In the listing below, look for "roll" and copy every line that has it.
Start of SOURCE DATA
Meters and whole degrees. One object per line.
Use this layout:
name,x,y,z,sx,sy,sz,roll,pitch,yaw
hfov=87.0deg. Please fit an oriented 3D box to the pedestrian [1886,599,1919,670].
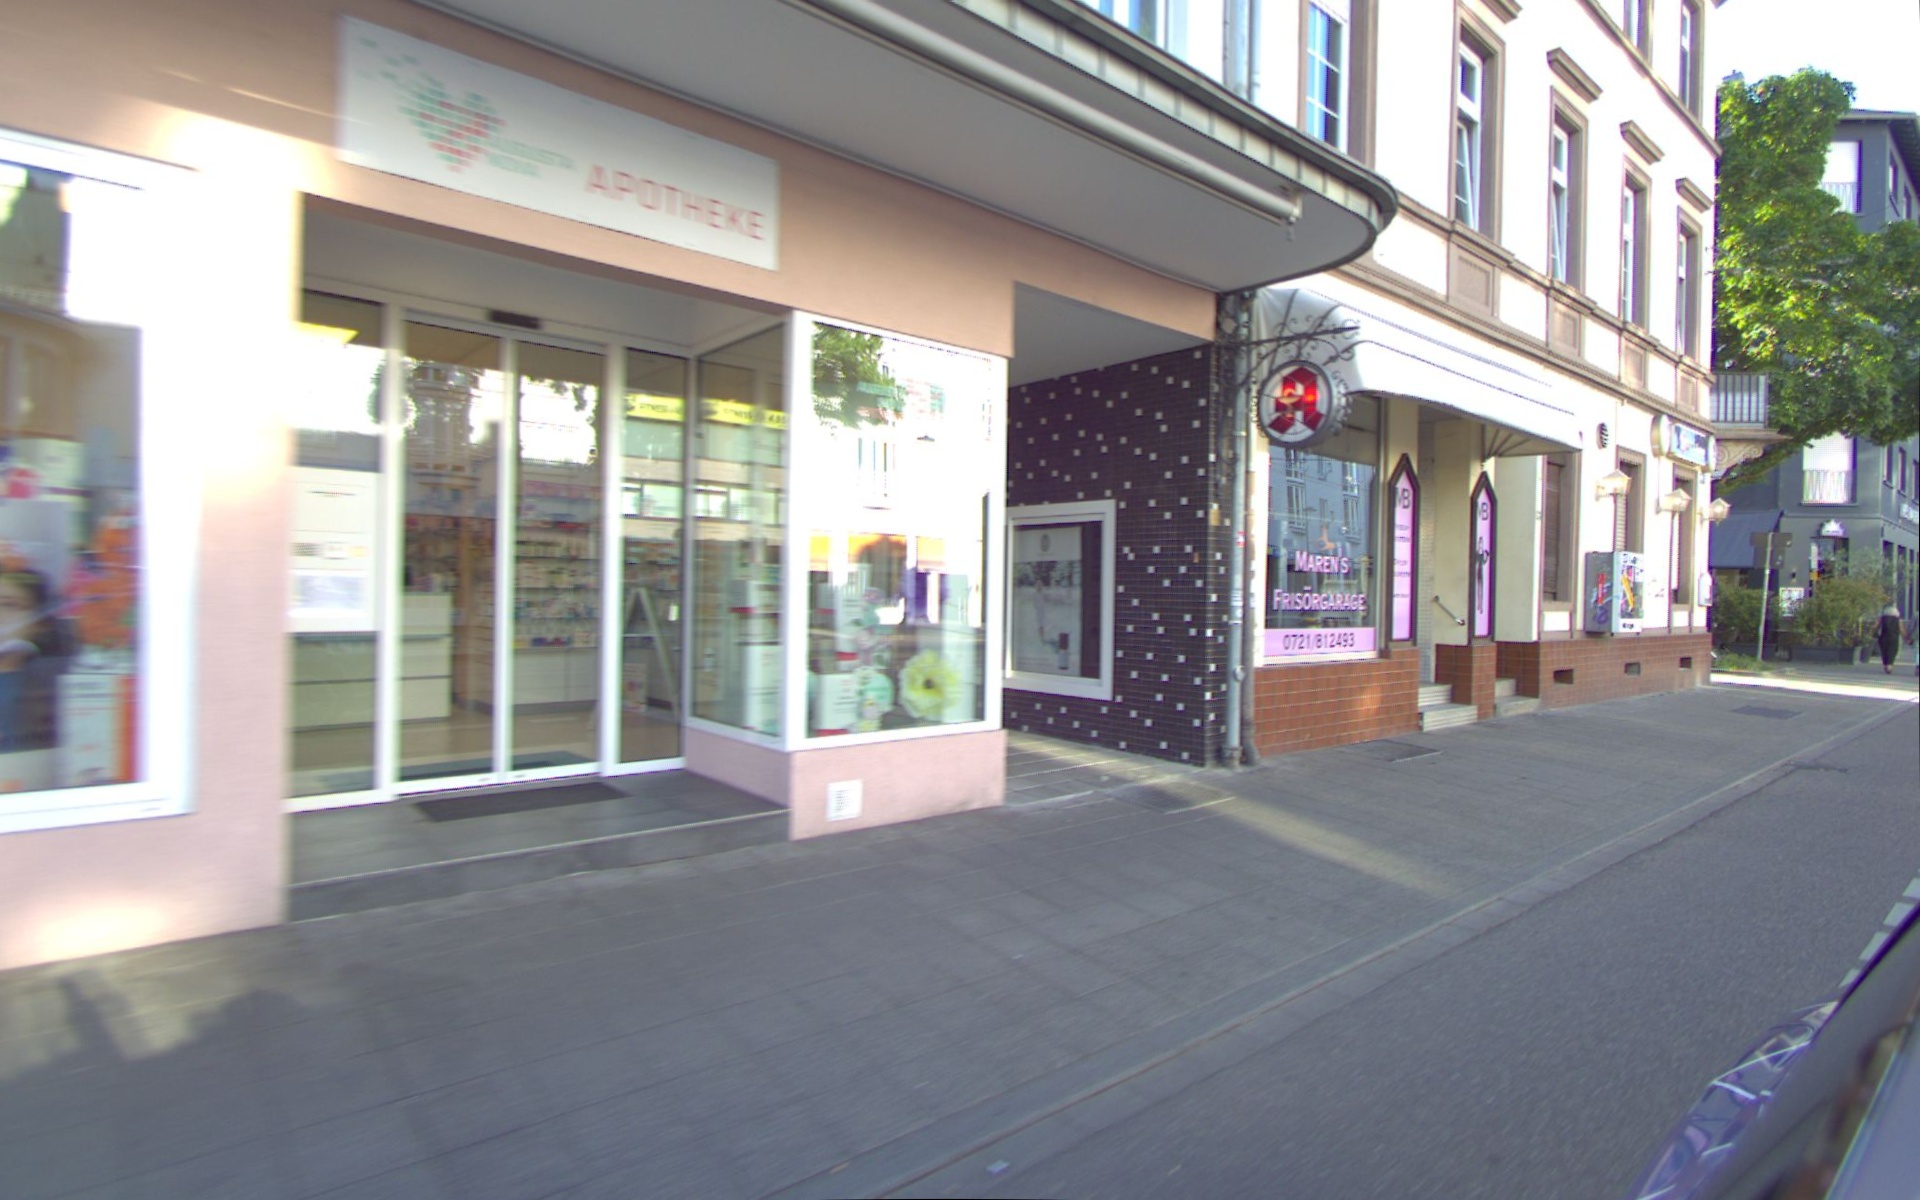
pedestrian,21.821,0.782,23.344,0.649,1.598,0.672,1,1,43
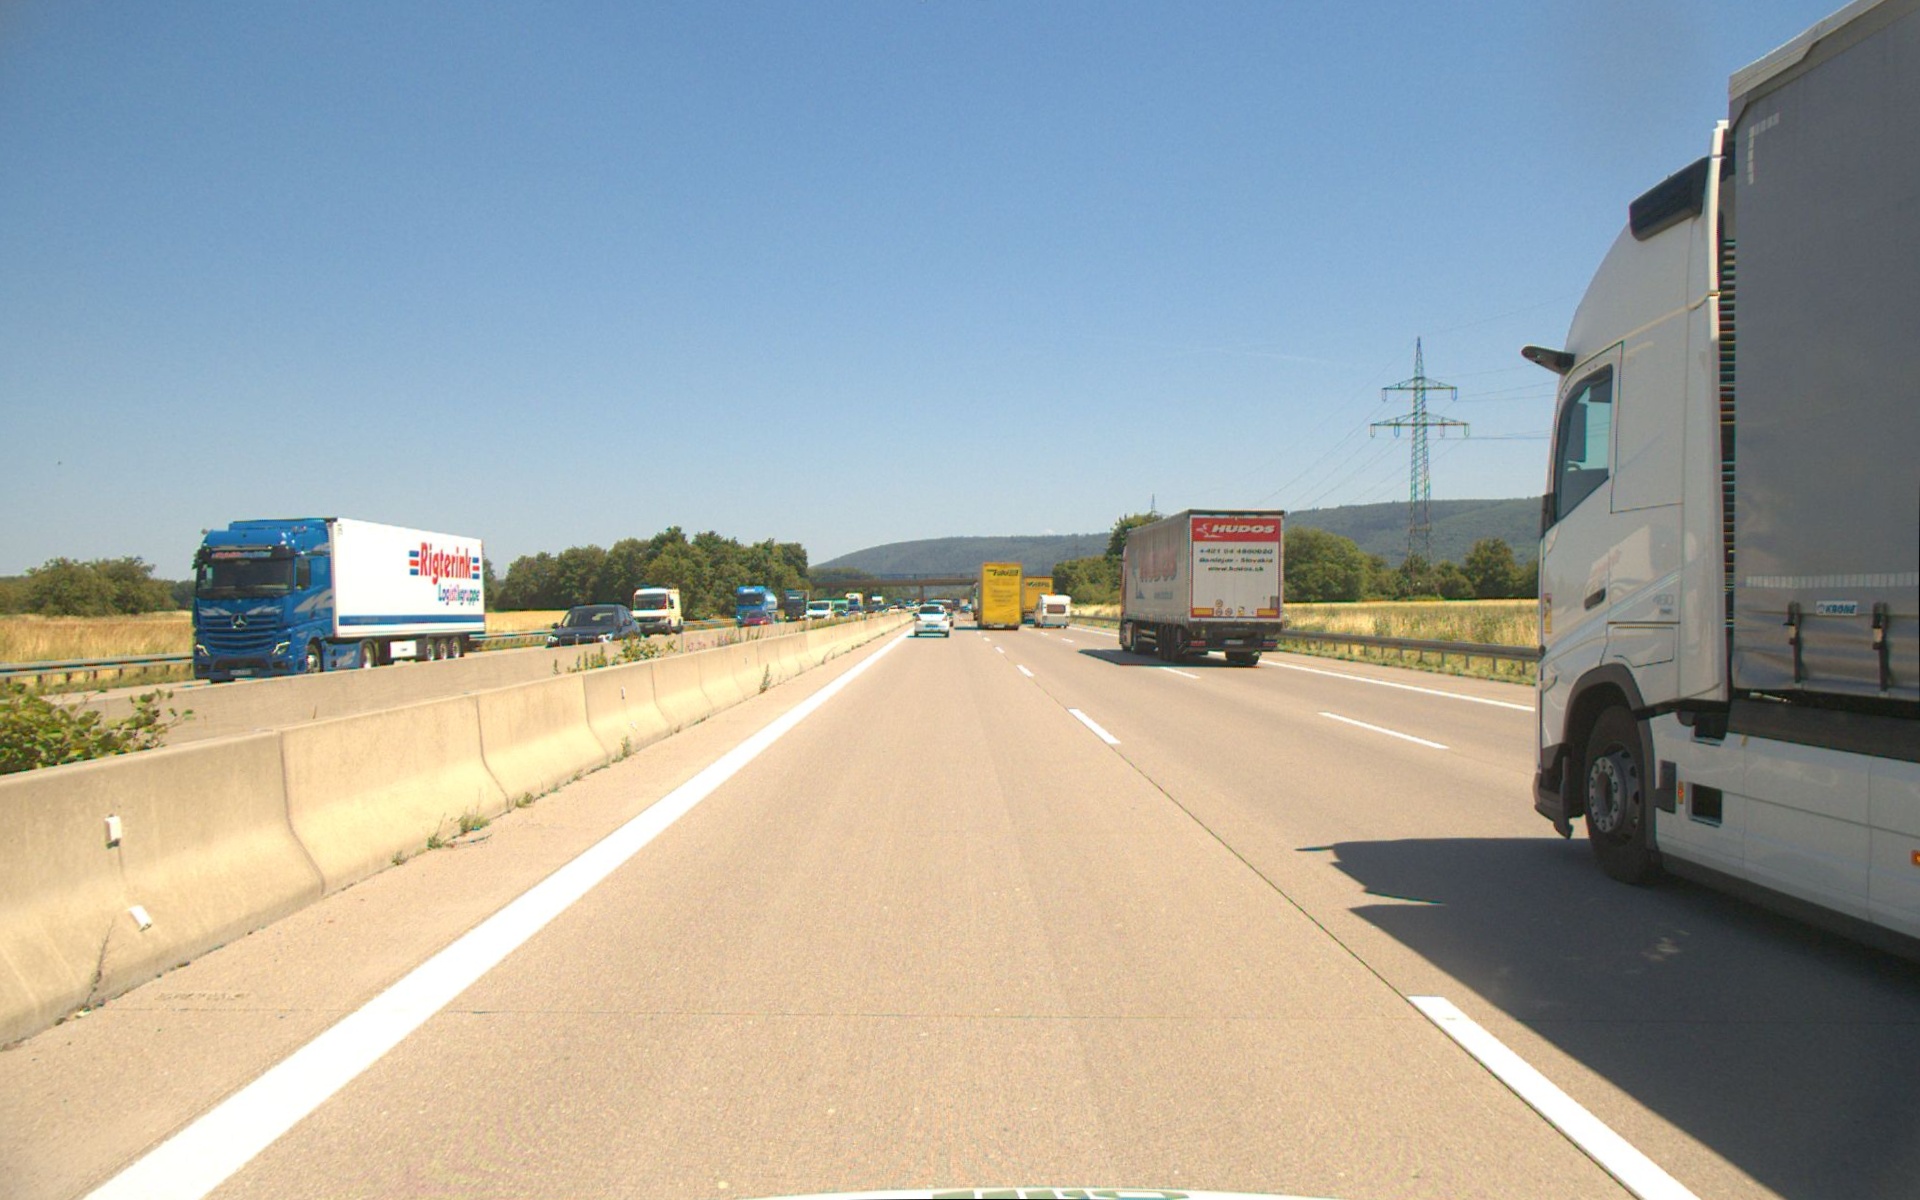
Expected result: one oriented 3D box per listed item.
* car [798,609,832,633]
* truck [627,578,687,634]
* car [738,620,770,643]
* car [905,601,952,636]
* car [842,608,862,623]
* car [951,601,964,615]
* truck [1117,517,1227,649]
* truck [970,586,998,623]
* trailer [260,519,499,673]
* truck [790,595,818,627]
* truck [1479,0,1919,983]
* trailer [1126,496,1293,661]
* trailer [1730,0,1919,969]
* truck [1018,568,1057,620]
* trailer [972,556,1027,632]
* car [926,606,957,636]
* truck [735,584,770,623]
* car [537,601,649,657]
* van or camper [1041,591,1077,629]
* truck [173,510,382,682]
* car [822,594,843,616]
[{"bbox_3d":[-10.733,1.550,122.927,2.095,1.708,5.644,0,0,-1],"label":"car"},{"bbox_3d":[-17.715,0.330,97.181,2.275,3.138,6.976,1,0,-1],"label":"truck"},{"bbox_3d":[-13.855,2.115,111.374,1.654,1.485,4.486,0,0,-1],"label":"car"},{"bbox_3d":[-1.479,0.855,79.164,2.064,1.563,4.122,1,0,1],"label":"car"},{"bbox_3d":[-10.384,1.496,158.927,1.743,1.372,4.451,2,0,-2],"label":"car"},{"bbox_3d":[-0.362,1.144,234.364,1.747,1.914,4.000,1,0,0],"label":"car"},{"bbox_3d":[7.067,-0.540,55.893,2.846,4.172,6.271,1,0,0],"label":"truck"},{"bbox_3d":[2.498,0.452,174.240,2.762,3.827,6.283,1,0,-1],"label":"truck"},{"bbox_3d":[-16.939,-0.108,49.557,2.849,3.977,12.508,1,0,-1],"label":"trailer"},{"bbox_3d":[-18.046,1.285,191.141,2.503,3.574,7.883,-1,0,-1],"label":"truck"},{"bbox_3d":[5.082,-0.600,8.627,2.923,4.133,5.477,1,0,-1],"label":"truck"},{"bbox_3d":[7.069,-0.540,49.105,2.815,4.172,13.511,1,0,0],"label":"trailer"},{"bbox_3d":[5.247,-0.663,0.554,2.957,4.132,14.202,1,0,-2],"label":"trailer"},{"bbox_3d":[6.910,-0.532,148.255,2.938,4.390,9.682,1,0,0],"label":"truck"},{"bbox_3d":[2.508,-0.389,109.755,3.150,4.643,13.455,1,0,0],"label":"trailer"},{"bbox_3d":[-1.327,1.503,120.384,2.208,2.049,4.297,1,0,0],"label":"car"},{"bbox_3d":[-18.153,0.294,145.101,2.433,3.367,5.262,1,0,-1],"label":"truck"},{"bbox_3d":[-9.512,0.739,43.268,1.860,1.349,5.068,1,-1,-1],"label":"car"},{"bbox_3d":[7.074,0.693,118.808,2.179,2.575,5.430,1,0,-1],"label":"van or camper"},{"bbox_3d":[-16.817,-0.092,41.189,2.838,3.931,5.683,1,0,-1],"label":"truck"},{"bbox_3d":[-15.451,0.622,201.052,2.105,2.595,6.462,-1,0,-1],"label":"car"}]
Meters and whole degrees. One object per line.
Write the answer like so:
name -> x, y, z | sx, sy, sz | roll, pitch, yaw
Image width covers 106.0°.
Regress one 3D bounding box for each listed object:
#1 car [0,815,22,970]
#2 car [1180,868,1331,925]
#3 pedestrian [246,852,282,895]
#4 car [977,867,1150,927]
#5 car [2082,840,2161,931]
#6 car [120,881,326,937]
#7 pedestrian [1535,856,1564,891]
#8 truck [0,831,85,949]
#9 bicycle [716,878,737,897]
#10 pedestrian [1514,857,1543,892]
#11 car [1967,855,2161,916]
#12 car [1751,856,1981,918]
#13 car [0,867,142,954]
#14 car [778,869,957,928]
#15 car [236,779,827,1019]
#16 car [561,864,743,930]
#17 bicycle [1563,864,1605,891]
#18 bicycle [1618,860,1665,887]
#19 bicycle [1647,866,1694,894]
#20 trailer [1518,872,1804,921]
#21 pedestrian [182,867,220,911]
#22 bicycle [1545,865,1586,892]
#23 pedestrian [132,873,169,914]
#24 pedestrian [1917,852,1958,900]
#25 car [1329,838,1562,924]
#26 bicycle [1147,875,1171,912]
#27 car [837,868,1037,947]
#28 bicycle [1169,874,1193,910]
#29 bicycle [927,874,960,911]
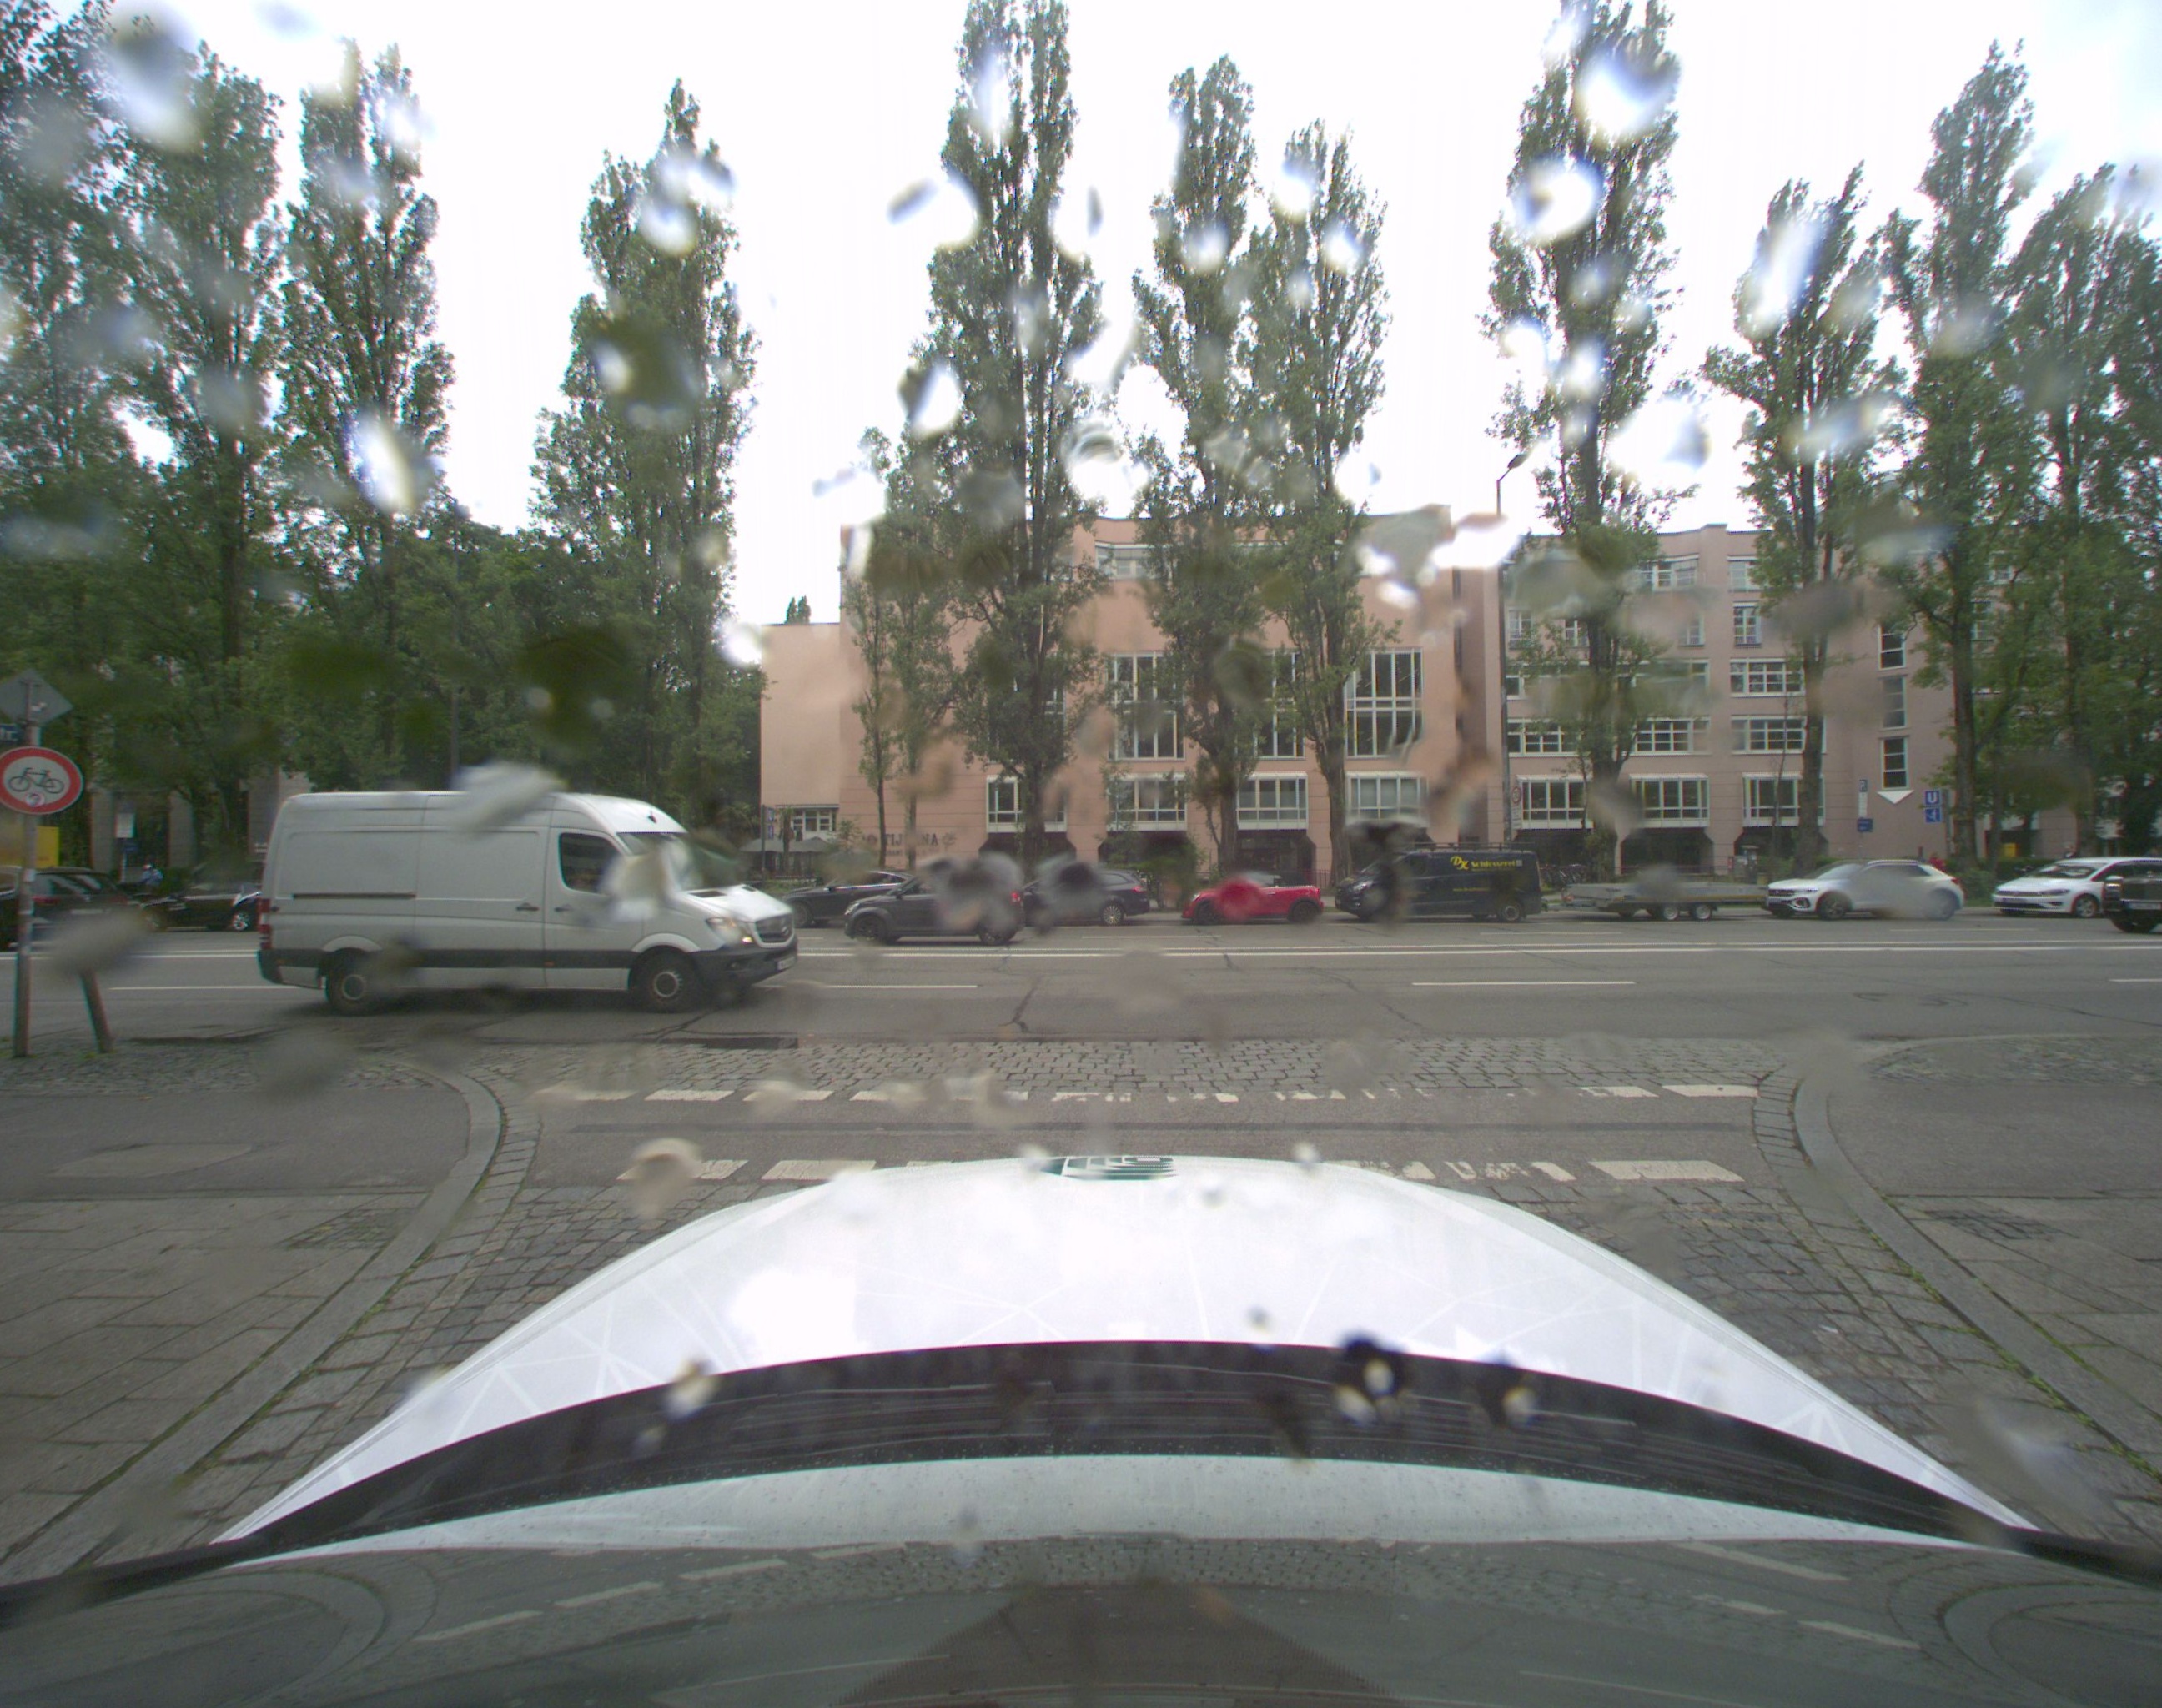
End of SOURCE DATA
▶ **ANSWER BOX**
name,x,y,z,sx,sy,sz,roll,pitch,yaw
name -> x, y, z | sx, sy, sz | roll, pitch, yaw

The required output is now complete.